|Speaker: Michael Hills|
In Stata longitudinal data are usually coded long, that is to say each set of measurements at each new time point constitutes a new record, and the set of all records for a subject share the same subject id. When exploring such data interactively most simple operations refer to records, but often the answers required are those referring to subjects. The most obvious example is how many subjects are there? This is the same as the number of unique codes for subject id, and is returned by the Stata command codebook id, along with much else. A simple alternative is the new command unique id which generalizes to unique id visit, for example, which reports the number of unique combinations of id and visit. In general, the command
. unique varlist, by(varname) gen(newvar)

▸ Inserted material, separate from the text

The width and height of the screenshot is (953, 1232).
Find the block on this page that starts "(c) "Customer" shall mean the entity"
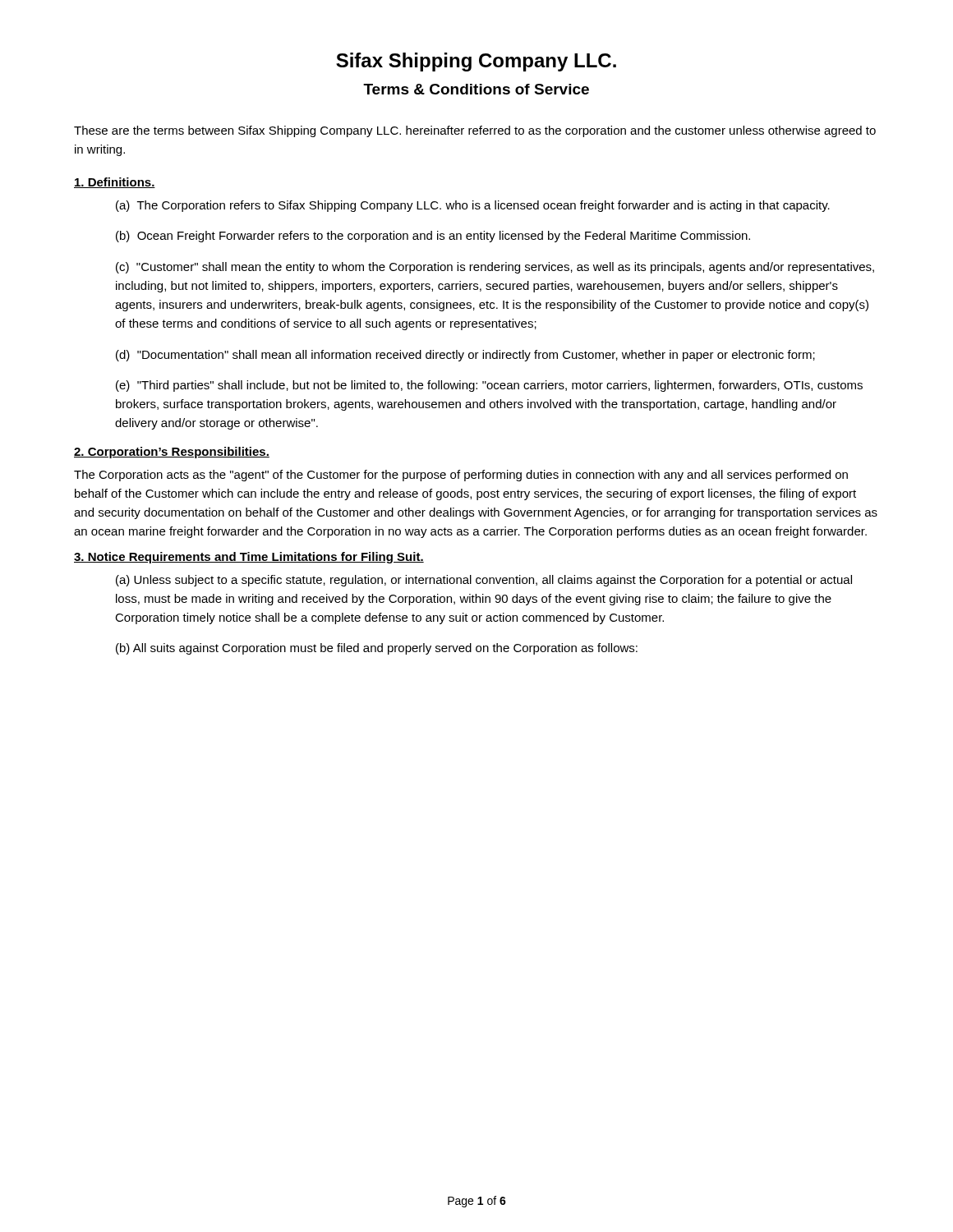pyautogui.click(x=495, y=295)

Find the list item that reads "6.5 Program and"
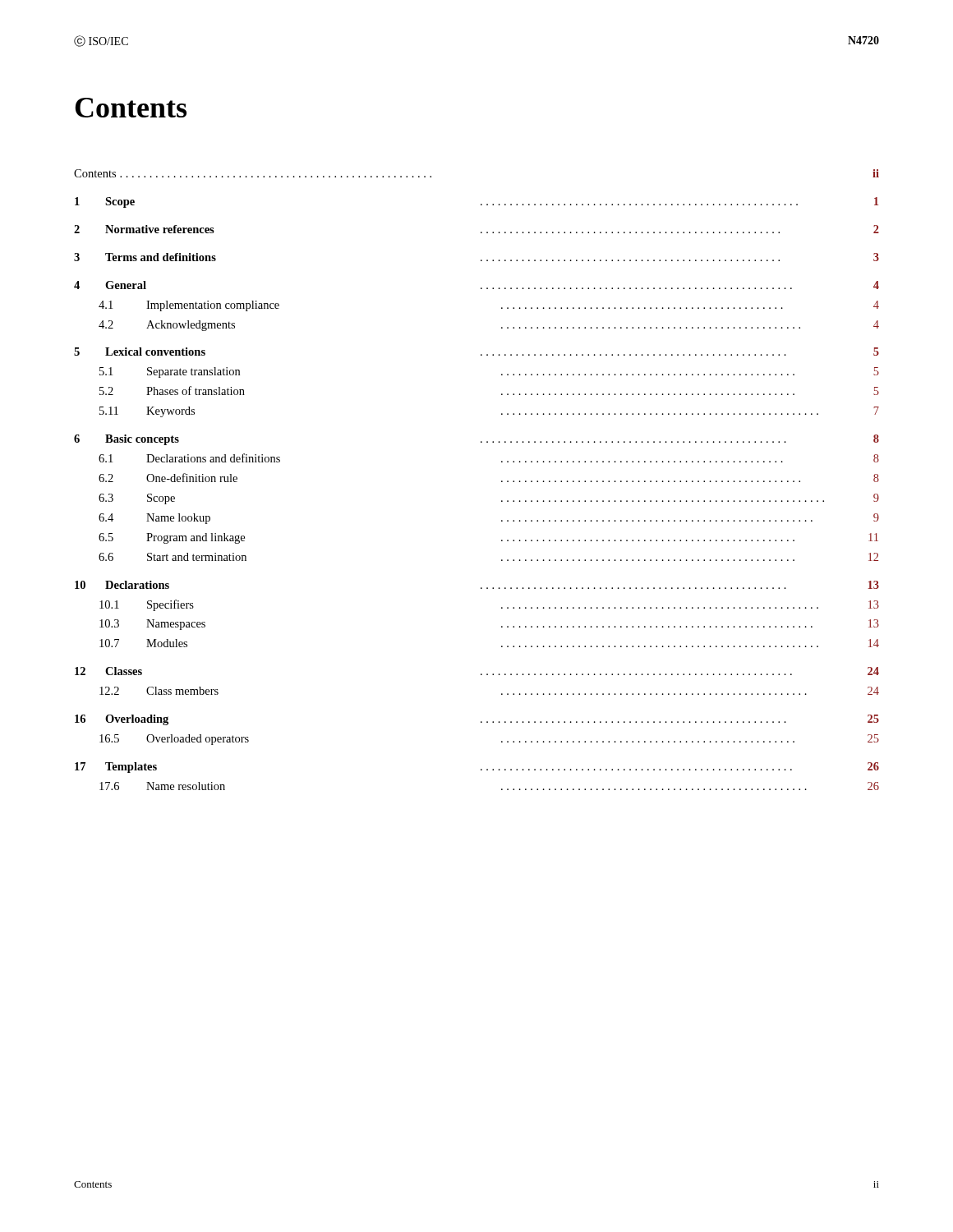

will give the number of unique combinations of varlist. When the by is present it creates a new variable newvar, which contains the number of unique combinations of varlist for each level of varname. For example,
. unique job, by(id) gen(jobvar)
reports the overall number of unique values for the variable job, and creates the variable jobvar which contains the number of different job codes for each subject.
Slightly more complex questions take the form: how many records satisfy the condition C, where C refers to a single variable. An example is the condition height == . . The command longch takes the form
. longch id, c(height == .)
where id is the subject id variable name and c( ) contains the condition. The output looks like this:
71 records fulfill the condition height == . some : 46 subjects have height == . in at least one record none : 51 subjects have height == . in no records every: 0 subjects have height == . in every record
In addition three logical variables called _some, _none, and _every, are created for convenience in further manipulation (e.g. dropping or keeping records). These flag all records belonging to subjects with some records satisfying the condition, and so on.